### BRIEF
In the records below, find the line containing "text Omschrijving: De Informatiestandaard" and the line containing "text Standaarden: [248, 602, 1163, 624]"; please repeat exactly the lines from one to the other, both included, and nothing more.

(Extracted records)
..........
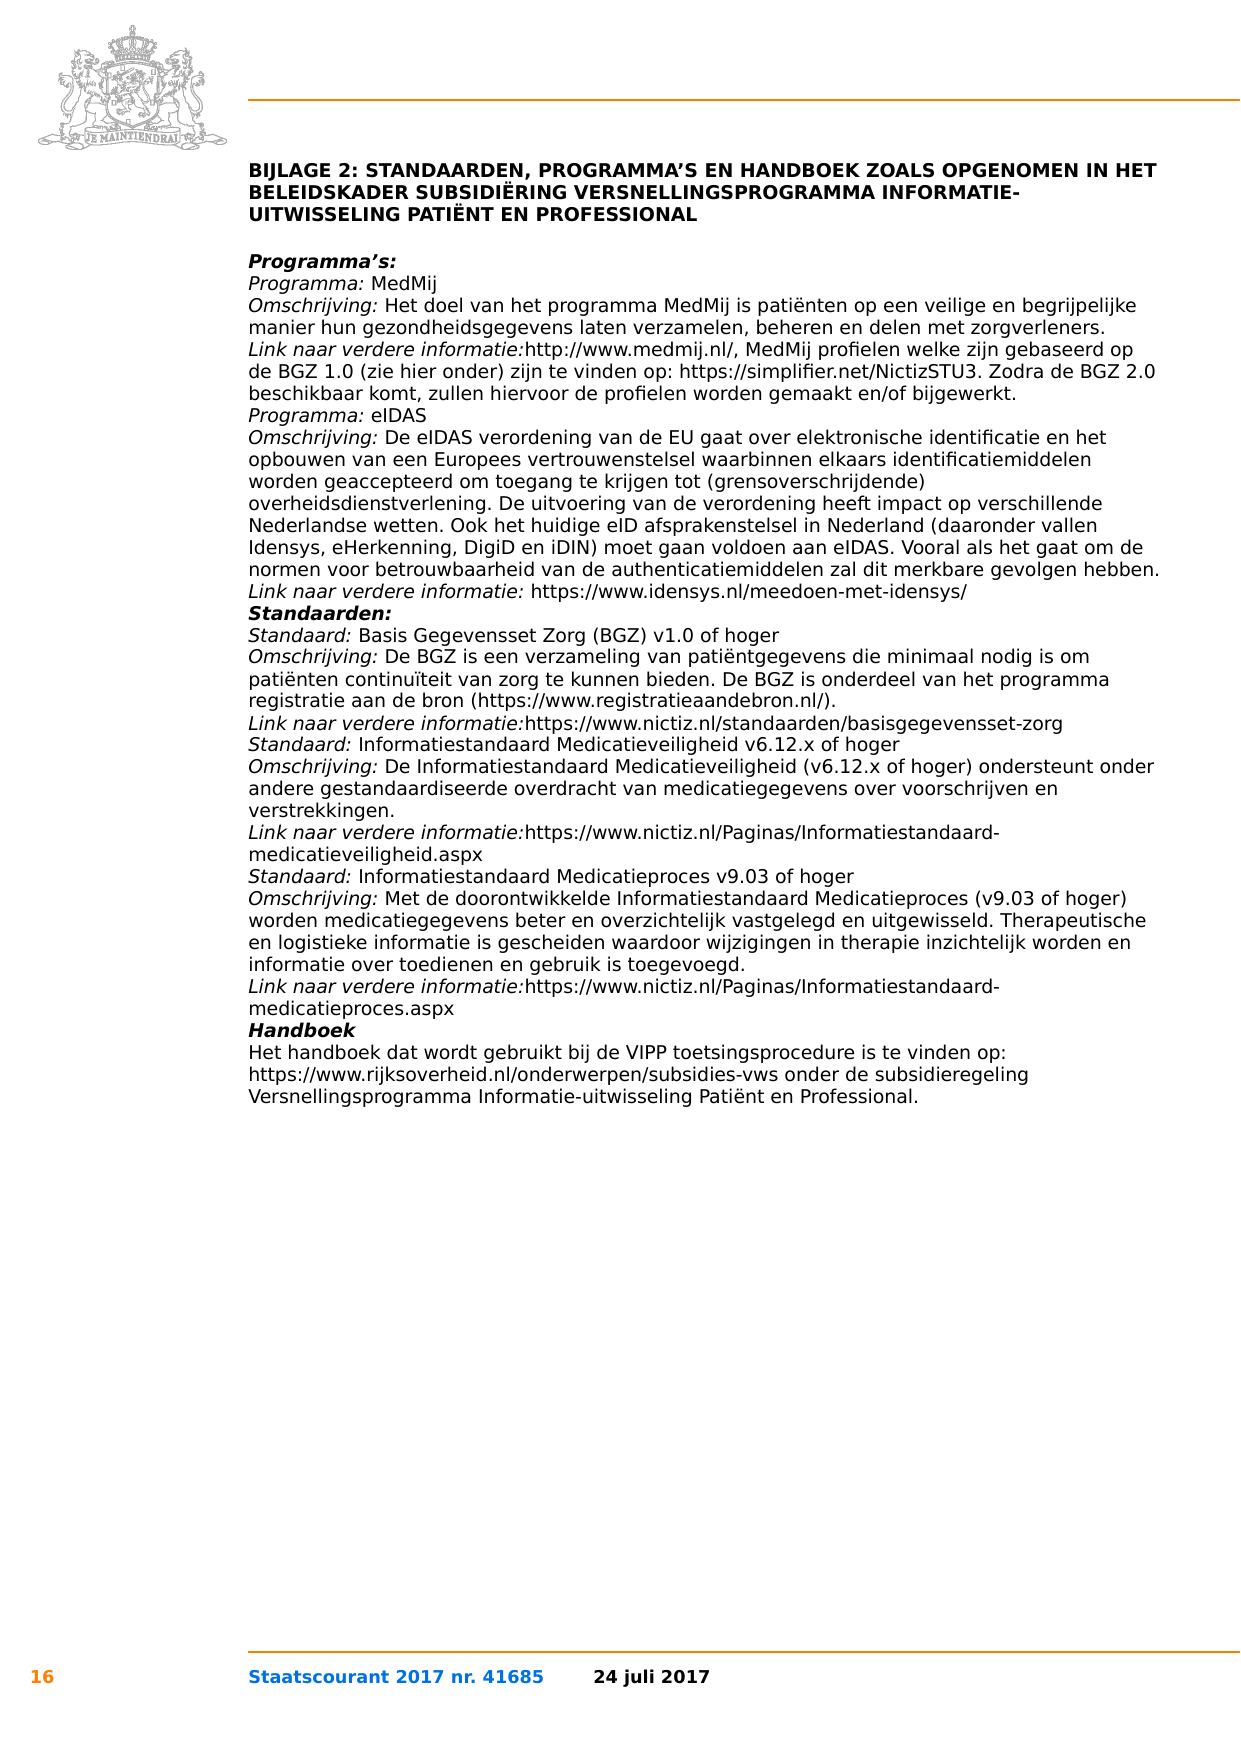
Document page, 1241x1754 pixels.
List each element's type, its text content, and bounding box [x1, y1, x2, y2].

text Standaard: Basis Gegevensset Zorg (BGZ) v1.0 of hoger [248, 624, 1163, 646]
text Standaard: Informatiestandaard Medicatieproces v9.03 of hoger [248, 866, 1163, 888]
text Link naar verdere informatie: https://www.idensys.nl/meedoen-met-idensys/ [248, 581, 1163, 602]
text Link naar verdere informatie:https://www.nictiz.nl/Paginas/Informatiestandaard-medicatieveiligheid.aspx [248, 822, 1163, 866]
text Omschrijving: De BGZ is een verzameling van patiëntgegevens die minimaal nodig is om patiënten continuïteit van zorg te kunnen bieden. De BGZ is onderdeel van het programma registratie aan de bron (https://www.registratieaandebron.nl/). [248, 646, 1163, 712]
text Programma: eIDAS [248, 405, 1163, 427]
text Omschrijving: Het doel van het programma MedMij is patiënten op een veilige en begrijpelijke manier hun gezondheidsgegevens laten verzamelen, beheren en delen met zorgverleners. [248, 295, 1163, 339]
text Programma’s: [248, 251, 1163, 273]
text Link naar verdere informatie:https://www.nictiz.nl/standaarden/basisgegevensset-zorg [248, 712, 1163, 734]
text Link naar verdere informatie:https://www.nictiz.nl/Paginas/Informatiestandaard-medicatieproces.aspx [248, 976, 1163, 1020]
picture [38, 25, 227, 150]
text Standaard: Informatiestandaard Medicatieveiligheid v6.12.x of hoger [248, 734, 1163, 756]
text Handboek [248, 1020, 1163, 1042]
text Omschrijving: De Informatiestandaard Medicatieveiligheid (v6.12.x of hoger) ondersteunt onder andere gestandaardiseerde overdracht van medicatiegegevens over voorschrijven en verstrekkingen. [248, 756, 1163, 822]
text Standaarden: [248, 602, 1163, 624]
text Omschrijving: De eIDAS verordening van de EU gaat over elektronische identificatie en het opbouwen van een Europees vertrouwenstelsel waarbinnen elkaars identificatiemiddelen worden geaccepteerd om toegang te krijgen tot (grensoverschrijdende) overheidsdienstverlening. De uitvoering van de verordening heeft impact op verschillende Nederlandse wetten. Ook het huidige eID afsprakenstelsel in Nederland (daaronder vallen Idensys, eHerkenning, DigiD en iDIN) moet gaan voldoen aan eIDAS. Vooral als het gaat om de normen voor betrouwbaarheid van de authenticatiemiddelen zal dit merkbare gevolgen hebben. [248, 427, 1163, 581]
text Omschrijving: Met de doorontwikkelde Informatiestandaard Medicatieproces (v9.03 of hoger) worden medicatiegegevens beter en overzichtelijk vastgelegd en uitgewisseld. Therapeutische en logistieke informatie is gescheiden waardoor wijzigingen in therapie inzichtelijk worden en informatie over toedienen en gebruik is toegevoegd. [248, 888, 1163, 976]
text Het handboek dat wordt gebruikt bij de VIPP toetsingsprocedure is te vinden op: https://www.rijksoverheid.nl/onderwerpen/subsidies-vws onder de subsidieregeling Versnellingsprogramma Informatie-uitwisseling Patiënt en Professional. [248, 1042, 1163, 1108]
text Link naar verdere informatie:http://www.medmij.nl/, MedMij profielen welke zijn gebaseerd op de BGZ 1.0 (zie hier onder) zijn te vinden op: https://simplifier.net/NictizSTU3. Zodra de BGZ 2.0 beschikbaar komt, zullen hiervoor de profielen worden gemaakt en/of bijgewerkt. [248, 339, 1163, 405]
subtitle BIJLAGE 2: STANDAARDEN, PROGRAMMA’S EN HANDBOEK ZOALS OPGENOMEN IN HET BELEIDSKADER SUBSIDIËRING VERSNELLINGSPROGRAMMA INFORMATIE-UITWISSELING PATIËNT EN PROFESSIONAL [248, 160, 1163, 226]
text Programma: MedMij [248, 273, 1163, 295]
..........
### OUTPUT OF THE TASK
text Omschrijving: De Informatiestandaard Medicatieveiligheid (v6.12.x of hoger) ondersteunt onder andere gestandaardiseerde overdracht van medicatiegegevens over voorschrijven en verstrekkingen. [248, 756, 1163, 822]
text Standaarden: [248, 602, 1163, 624]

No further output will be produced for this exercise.